RFS: Request for Startups
I’m generally intrigued with Y Combinator, an incubator for startups, but this new angle is especially interesting. Yesterday Paul Graham announced Request for Startups, which describes a specific idea they’d like to see startup teams address and apply to build. As he explained, “There are a lot of startup ideas we’ve been waiting for people to apply with, sometimes for years. Recently we tried hinting at some of them, and that has yielded results. So now we’re going to try being more direct: we’re going to issue numbered RFSes with more details about the idea, and suggestions about the sort of group that would be a good match for it. Groups applying to YC will be able to specify on the application form if they’re responding to a particular RFS.”
The first RFS is The Future of Journalism and asks, ” What would a content site look like if you started from how to make money–as print media once did–instead of taking a particular form of journalism as a given and treating how to make money from it as an afterthought?”

Hi, I'm 
This is a really interesting idea. It somewhat dovetails with one I’ve been kicking around lately, namely the crowdsourcing of problems.

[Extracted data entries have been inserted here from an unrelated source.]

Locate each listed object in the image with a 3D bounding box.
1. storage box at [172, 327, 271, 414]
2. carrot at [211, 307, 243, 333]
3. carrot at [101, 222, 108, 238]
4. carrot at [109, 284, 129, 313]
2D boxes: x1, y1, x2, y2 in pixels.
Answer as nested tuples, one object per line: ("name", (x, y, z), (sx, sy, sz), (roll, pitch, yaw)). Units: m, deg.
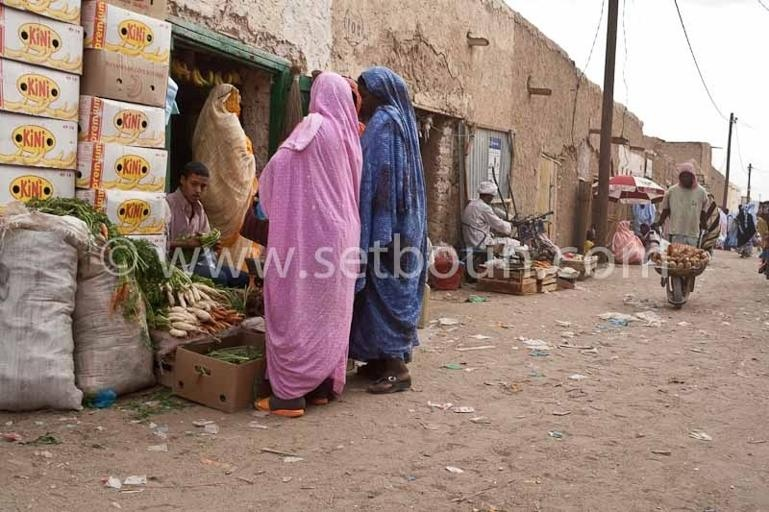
("storage box", (-1.288, 0.945, 5.505), (0.723, 0.577, 0.724), (3, 2, 32))
("carrot", (-1.426, 0.566, 5.842), (0.070, 0.186, 0.218), (-6, 0, 40))
("carrot", (-2.265, -0.200, 5.212), (0.045, 0.146, 0.054), (-18, -36, 4))
("carrot", (-2.122, 0.333, 5.191), (0.076, 0.233, 0.086), (33, -24, -29))
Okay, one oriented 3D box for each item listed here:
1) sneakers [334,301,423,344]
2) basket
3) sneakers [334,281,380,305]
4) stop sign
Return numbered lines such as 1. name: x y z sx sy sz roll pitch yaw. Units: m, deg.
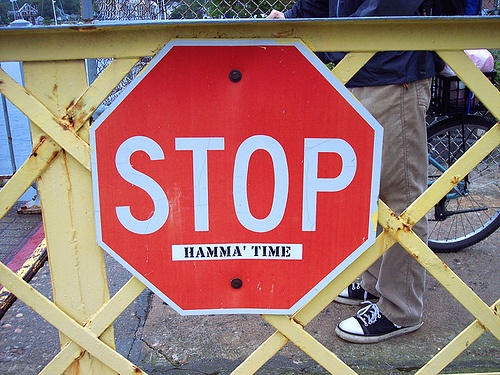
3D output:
1. sneakers: 0.773 0.815 4.479 0.512 0.204 0.240 -1 92 -6
2. basket: 1.422 -0.632 5.062 0.300 0.338 0.217 -2 117 0
3. sneakers: 0.652 0.660 4.707 0.308 0.145 0.157 4 91 0
4. stop sign: -0.073 -0.065 3.538 1.104 0.047 1.153 0 97 -3
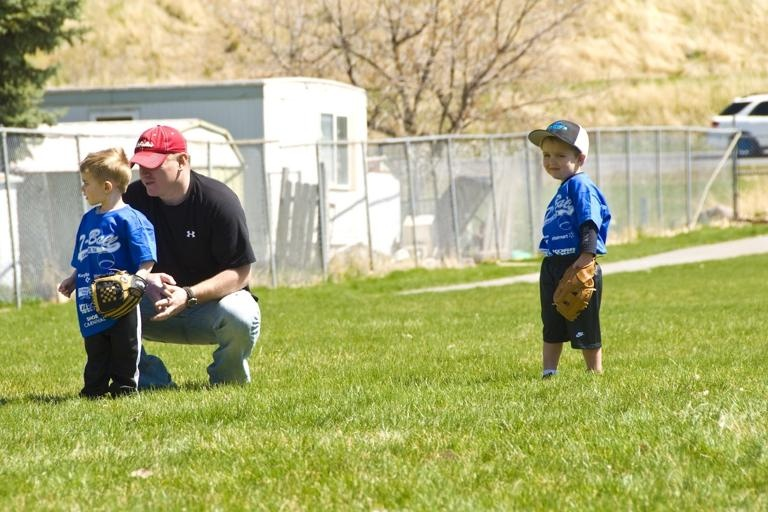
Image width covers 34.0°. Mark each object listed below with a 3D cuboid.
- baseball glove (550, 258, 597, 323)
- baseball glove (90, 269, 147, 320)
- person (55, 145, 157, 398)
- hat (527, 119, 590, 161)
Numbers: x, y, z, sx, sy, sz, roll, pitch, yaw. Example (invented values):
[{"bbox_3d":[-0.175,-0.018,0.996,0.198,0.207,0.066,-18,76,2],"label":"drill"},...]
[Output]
[{"bbox_3d":[1.645,0.325,11.203,0.337,0.495,0.176,35,5,6],"label":"baseball glove"},{"bbox_3d":[-2.326,0.353,11.023,0.470,0.409,0.203,-6,14,-15],"label":"baseball glove"},{"bbox_3d":[-2.408,0.160,11.159,0.759,2.137,0.547,-5,14,-12],"label":"person"},{"bbox_3d":[1.552,-1.099,11.357,0.437,0.238,0.331,29,-4,-24],"label":"hat"}]

One thing that businesses spend inordinate amounts of time on (as do innovators in general) is trying to determine what problems are out there (old and new) that need a solution. I won’t get into it in this space, but they spend oodles of money trying to figure out what needs fixing so they can set their sights on designing a marketable solution and often times the design of their research leaves them with a skewed point of view. The missing element would seem to be a crowdsourced approach to problem generation, rather than the solution (although that could be a viable next step).
To me, the idea of an incubator or VC providing the problem to be solved is interesting, but at the same time I wonder if overall we wouldn’t be well served with a community approach to problem identification and then a race by startups to come up with innovative answers to those problems.